Semir Ataullah
Lübnanlı gazeteci - yazar
TT

Duvarlar kralı

Netanyahu, hükümetinin İsrail'in etrafına 550 kilometrelik bir duvar inşa edeceğini duyurdu. Haftalar önce, Lübnan ile arasındaki Mavi Hat boyunca zaten bir duvar inşa etmişti. Gazze ve Batı Şeria'da da duvarlar var. Ve bu duvarların içinde daha fazla duvar inşa edilecek. Bu zihniyet yeni değil. Eriha surları tarihteki en eski surlardı. Ve korku hem o duvarların içinde hem de dışında İsrailoğullarının peşini bırakmıyor.

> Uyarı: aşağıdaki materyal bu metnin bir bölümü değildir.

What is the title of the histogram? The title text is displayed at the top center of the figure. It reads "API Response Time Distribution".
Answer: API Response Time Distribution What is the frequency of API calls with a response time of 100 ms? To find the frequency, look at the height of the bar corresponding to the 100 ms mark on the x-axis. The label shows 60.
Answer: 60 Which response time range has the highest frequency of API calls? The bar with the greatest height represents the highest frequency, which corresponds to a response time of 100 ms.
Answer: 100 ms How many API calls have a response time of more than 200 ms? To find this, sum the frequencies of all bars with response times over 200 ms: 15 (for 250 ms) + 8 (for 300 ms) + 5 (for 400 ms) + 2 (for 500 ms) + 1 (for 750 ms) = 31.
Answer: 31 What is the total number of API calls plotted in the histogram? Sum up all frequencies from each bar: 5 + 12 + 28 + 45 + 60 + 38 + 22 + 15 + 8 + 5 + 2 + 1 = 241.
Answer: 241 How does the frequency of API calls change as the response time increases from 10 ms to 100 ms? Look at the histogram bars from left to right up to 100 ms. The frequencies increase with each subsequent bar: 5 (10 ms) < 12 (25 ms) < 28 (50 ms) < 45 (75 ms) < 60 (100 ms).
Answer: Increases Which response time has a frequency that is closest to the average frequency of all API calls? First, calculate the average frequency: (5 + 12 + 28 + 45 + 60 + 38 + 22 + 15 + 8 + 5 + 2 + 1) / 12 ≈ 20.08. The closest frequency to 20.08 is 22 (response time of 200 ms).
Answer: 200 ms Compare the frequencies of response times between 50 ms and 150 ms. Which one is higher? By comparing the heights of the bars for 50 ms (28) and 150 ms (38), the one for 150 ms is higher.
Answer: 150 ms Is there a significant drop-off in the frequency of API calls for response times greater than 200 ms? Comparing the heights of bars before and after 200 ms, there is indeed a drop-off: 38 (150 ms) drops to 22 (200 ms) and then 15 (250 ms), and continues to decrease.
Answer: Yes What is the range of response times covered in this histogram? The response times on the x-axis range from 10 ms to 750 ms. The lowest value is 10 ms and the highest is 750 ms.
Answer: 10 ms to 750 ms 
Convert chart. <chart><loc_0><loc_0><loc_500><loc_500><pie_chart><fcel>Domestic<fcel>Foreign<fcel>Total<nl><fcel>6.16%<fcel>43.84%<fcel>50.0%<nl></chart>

Dünya medeniyetlerinde, duvarlar ve surlar hiçbir zaman ebedi yaşamamışlardır. Son örnek Berlin Duvarı'ydı. Çöktü ve onunla birlikte tüm komünist dünya da çöktü. Netanyahu ve yandaşları, İsrail'in doğuşuyla birlikte doğan büyük psikolojik duvara sıkıca kapatılmış bir beton duvar daha eklemek istiyorlar. Savaştan sonra mecazi olarak Doğu Avrupa'yı saran ve yine çöken Demir Perde gibi bir şey istiyorlar.

Netanyahu İsraili bundan çok daha iyi bir teklifi reddetmişti. Yaser Arafat bunu “cesurların barışı” diye adlandırmıştı. İzak Rabin’in elini sıkmış ve Bill Clinton'ı kucaklamıştı. Şimon Peres ile Ortadoğu'da bir “ortak refah”tan bahsetmişti. Ama Eriha grubu gerçek niyetini göstermekte hiç gecikmedi. Bu sefer Filistinli direniş savaşçılarını değil, İzak Rabin'i hedef alan bir suikastçı gönderdi. İnsanların o olayla ilgili en çok hatırladığı şey, Rabin'in dul eşi Leah'ın Netanyahu ile görüşmeyi veya taziyelerini kabul etmeyi reddetmesidir. Ardından yapılan seçimlerde Netanyahu'nun destekçileri onu “İsrail Kralı” diye selamladı. O zamandan beri savaş çağrıları sadece yoğunlaştı. İsrail Kralı barış hakkında tek bir kelime bile etmedi. Tüm Arap girişimlerini küçümsedi ve Gazze'yi yok etmeye çalıştı. Mısır'da başka bir trajedi yaratarak trajediyi yaymaya çalıştı. Tarihteki ilk Suriye açılımını düşmanlık, kibir ve küçümsemeyle karşıladı.

Dünya, 1967 Arap-İsrail Savaşı'nda İsrail'e en büyük zaferi, Araplara da en büyük yenilgiyi yaşatan İzak Rabin gibi bir adamın öldürülmesinin anlamının daha çok farkında olmalıydı. Ardından barışı savunan herkese bir uyarı olarak, batıl inançları yayan bir keskin nişancıyı göreve getirdiler. Şimdi inşa edilecek olan büyük sur, İsrail'i korumayacak, onun için büyük bir hapishaneye dönüşecek. Onu koruyacak olan, Filistin halkının hakları ve insan vicdanının sesine kulak vermektir. Aksi takdirde, sadece bir başka surlar labirentinden ibaret kalacaktır.